= Enharmonic equivalence =

Distinct pitch classes sounding the same

In music, two written notes have enharmonic equivalence if they produce the same pitch but are notated differently. Similarly, written intervals, chords, or key signatures are considered enharmonic if they represent identical pitches that are notated differently. The term derives from Latin enharmonicus, in turn from Late Latin enarmonius, from Ancient Greek ἐναρμόνιος (enarmónios), from ἐν ('in') and ἁρμονία ('harmony').

==Definition==

The predominant tuning system in Western music is twelve-tone equal temperament (12 tet), where each octave is divided into twelve equal half-steps, or semitones; each half-step is both a chromatic semitone (a sharp or a flat) and a diatonic semitone (a minor step between two diatonic notes). The notes F and G are a whole step apart, so the note one semitone above F (F^{♯}) and the note one semitone below G (G^{♭}) indicate the same pitch. These written notes are enharmonic, or enharmonically equivalent. The choice of notation for a pitch can depend on its role in harmony; this notation keeps modern music compatible with earlier tuning systems, such as meantone temperaments. The choice can also depend on the note's readability in the context of the surrounding pitches. Multiple sharps or flats can produce other enharmonic equivalents; for example, F^{ x} (double-sharp) is enharmonically equivalent to G^{N}.

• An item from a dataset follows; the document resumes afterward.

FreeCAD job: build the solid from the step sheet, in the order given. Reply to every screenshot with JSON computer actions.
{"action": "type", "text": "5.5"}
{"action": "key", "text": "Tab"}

When other tuning systems were in use, prior to the adoption of 12 tet, the term enharmonic referred to notes that were very close in pitch — closer than the smallest step of a diatonic scale — but not quite identical. In a tuning system without equal half steps, F^{♯} and G^{♭} do not indicate the same pitch, although the two pitches would be called enharmonically equivalent.

A musical passage notated as flats.

The same passage notated as sharps, requiring fewer canceling natural signs.

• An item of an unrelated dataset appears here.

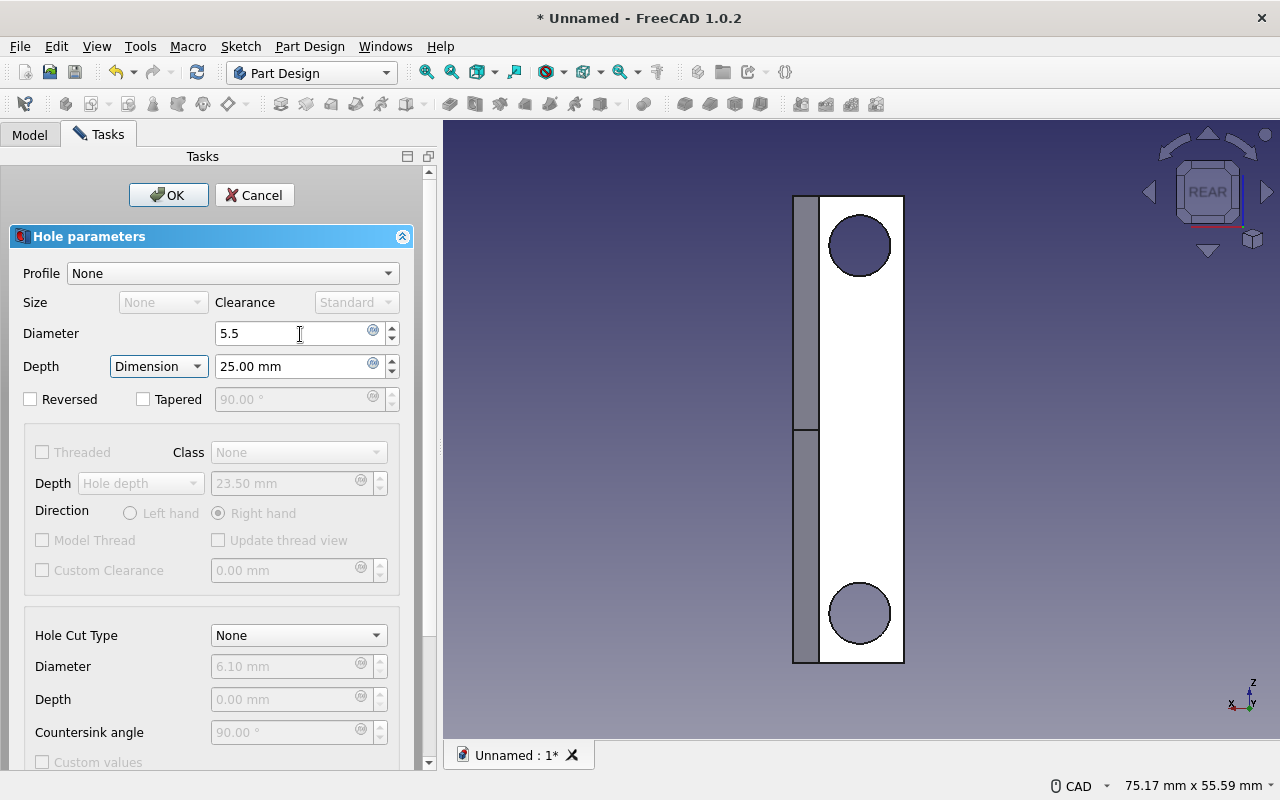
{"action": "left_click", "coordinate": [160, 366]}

Sets of notes that involve pitch relationships — scales, key signatures, or intervals,
for example — can also be referred to as enharmonic (e.g., in 12 tet the keys of C^{♯} major and D^{♭} major contain identical pitches and are therefore enharmonic). Identical intervals notated with different, enharmonically equivalent, written pitches are also referred to as enharmonic. The interval of a tritone above C may be written as a diminished fifth from C to G^{♭}, or as an augmented fourth (C to F^{♯}). In modern 12 tet, notating the C as a B^{♯} leads to other enharmonically equivalent notations, an option which does not exist in most earlier notation systems.

Enharmonic equivalents can be used to improve the readability of music, as when a sequence of notes is more easily read using sharps or flats. This may also reduce the number of accidentals required.

==Examples ==
At the end of the bridge section of Jerome Kern's "All the Things You Are", a G^{♯} (the sharp 5th of an augmented C chord) becomes an enharmonically equivalent A^{♭} (the third of an F minor chord) at the beginning of the returning A section.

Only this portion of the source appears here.